▶ TASK:
Return the lines below that contain "expressions".

● ● ● ● ●

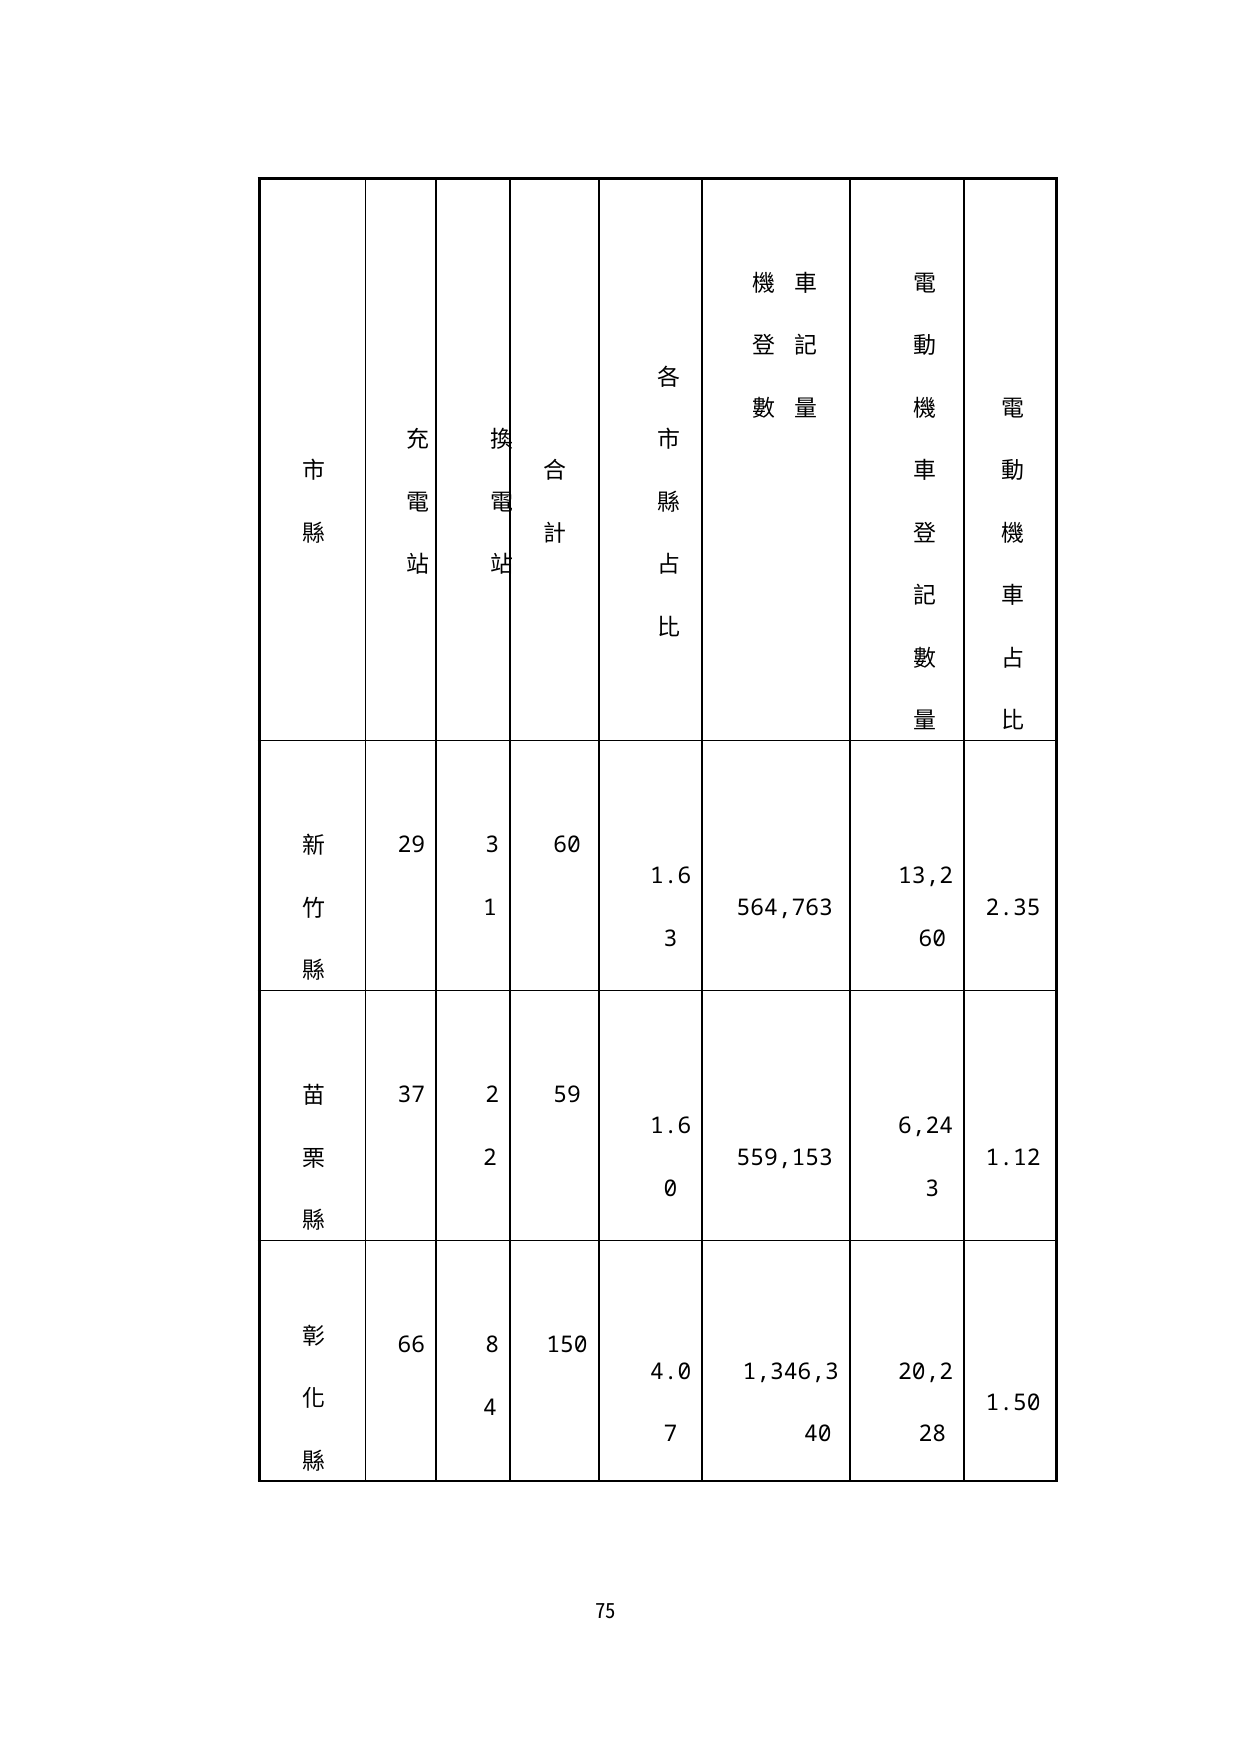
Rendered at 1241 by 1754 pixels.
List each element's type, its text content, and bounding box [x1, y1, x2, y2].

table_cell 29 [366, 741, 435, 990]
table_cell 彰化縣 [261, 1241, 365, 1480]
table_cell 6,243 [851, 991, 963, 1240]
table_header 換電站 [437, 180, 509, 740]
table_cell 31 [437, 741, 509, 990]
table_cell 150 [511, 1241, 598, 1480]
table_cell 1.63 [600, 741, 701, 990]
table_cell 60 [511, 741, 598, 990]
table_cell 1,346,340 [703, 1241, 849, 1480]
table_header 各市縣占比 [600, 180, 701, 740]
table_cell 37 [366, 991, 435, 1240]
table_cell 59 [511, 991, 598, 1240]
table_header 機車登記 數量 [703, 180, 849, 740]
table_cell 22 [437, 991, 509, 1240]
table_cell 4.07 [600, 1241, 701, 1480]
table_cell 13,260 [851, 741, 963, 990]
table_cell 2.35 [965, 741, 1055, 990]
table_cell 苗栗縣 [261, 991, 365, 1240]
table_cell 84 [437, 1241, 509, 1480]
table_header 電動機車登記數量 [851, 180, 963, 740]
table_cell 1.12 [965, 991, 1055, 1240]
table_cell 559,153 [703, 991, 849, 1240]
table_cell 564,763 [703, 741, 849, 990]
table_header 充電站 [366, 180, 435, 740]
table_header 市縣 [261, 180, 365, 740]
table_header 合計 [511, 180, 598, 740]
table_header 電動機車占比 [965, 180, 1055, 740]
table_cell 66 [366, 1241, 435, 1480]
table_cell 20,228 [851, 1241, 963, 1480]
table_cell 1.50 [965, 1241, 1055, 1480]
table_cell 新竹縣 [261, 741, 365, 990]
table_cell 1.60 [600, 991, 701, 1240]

● ● ● ● ●

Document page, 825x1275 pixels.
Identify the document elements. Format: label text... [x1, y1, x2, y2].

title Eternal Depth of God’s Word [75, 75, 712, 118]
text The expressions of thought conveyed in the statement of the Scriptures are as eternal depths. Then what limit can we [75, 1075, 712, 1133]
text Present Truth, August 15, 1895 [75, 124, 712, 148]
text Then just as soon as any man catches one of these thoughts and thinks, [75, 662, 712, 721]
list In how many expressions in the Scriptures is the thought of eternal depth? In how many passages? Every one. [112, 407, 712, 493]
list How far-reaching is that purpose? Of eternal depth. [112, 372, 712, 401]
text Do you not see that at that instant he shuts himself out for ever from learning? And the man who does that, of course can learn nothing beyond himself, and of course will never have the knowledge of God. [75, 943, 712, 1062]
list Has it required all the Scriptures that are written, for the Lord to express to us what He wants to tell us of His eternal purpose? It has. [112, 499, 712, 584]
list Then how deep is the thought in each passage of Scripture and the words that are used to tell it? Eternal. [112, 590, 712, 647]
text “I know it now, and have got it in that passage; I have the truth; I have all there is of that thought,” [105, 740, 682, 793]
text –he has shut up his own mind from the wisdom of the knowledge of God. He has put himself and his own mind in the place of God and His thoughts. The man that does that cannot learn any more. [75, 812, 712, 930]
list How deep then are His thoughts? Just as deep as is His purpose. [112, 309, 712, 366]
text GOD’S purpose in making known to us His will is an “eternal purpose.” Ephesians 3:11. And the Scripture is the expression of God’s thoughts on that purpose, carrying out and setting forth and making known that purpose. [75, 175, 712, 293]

● ● ● ● ●

▶ ANSWER:
text The expressions of thought conveyed in the statement of the Scriptures are as eternal depths. Then what limit can we [75, 1075, 712, 1133]
list In how many expressions in the Scriptures is the thought of eternal depth? In how many passages? Every one. [112, 407, 712, 493]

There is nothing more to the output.